Thy full deliverance past."

Then there was a short and earnest prayer; and, that over, the maids set to work to get forward the supper; and young Willie Hart was called in from the garden—Judith's father being away at Wilmcote on some important business there. In due course of time, supper being finished, and a devout thanksgiving said, Judith was free; and instantly she fled away to her own chamber to don her bravery.

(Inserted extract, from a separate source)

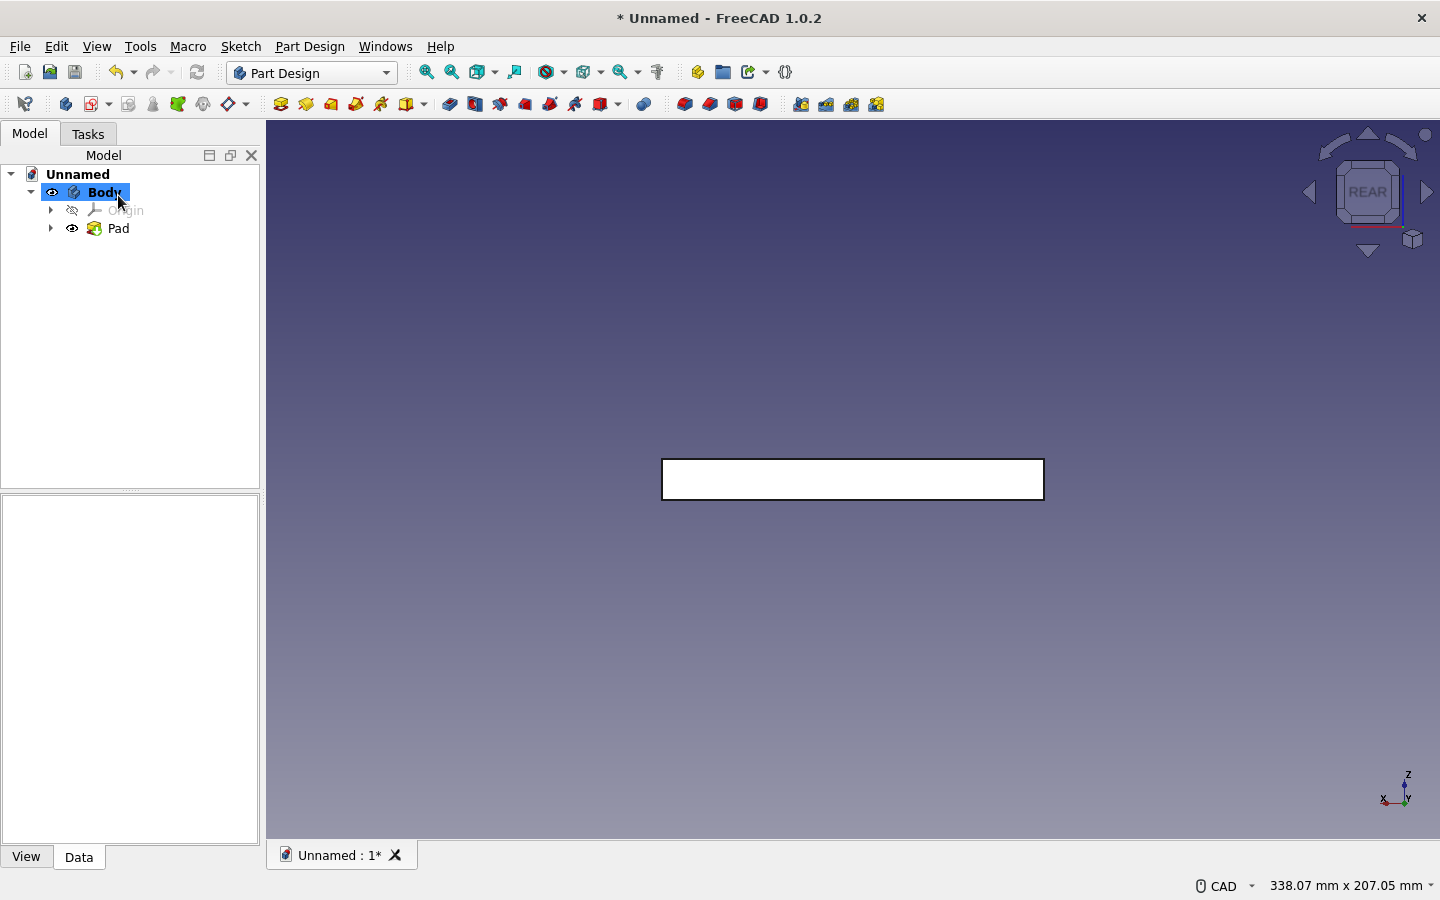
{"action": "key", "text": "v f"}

It was not vanity (she again said to herself), it was that her father's daughter should show that she knew what was due to him and his standing in the town; and indeed, as she now regarded herself in the little mirror—she wore a half-circle farthingale, and had on one of her smartest ruffs—and when she set on her head of short brown curls this exceedingly pretty hat (it was a gray beaver above, and underneath it was lined with black satin, and all around the rim was a row of hollow brass beads that tinkled like small bells), she was quite well satisfied with her appearance, and that she was fairly entitled to be. Then she went down and summoned her sweetheart Willie, to act as her companion and protector and ally; and together these two passed forth from the house—into the golden clear evening.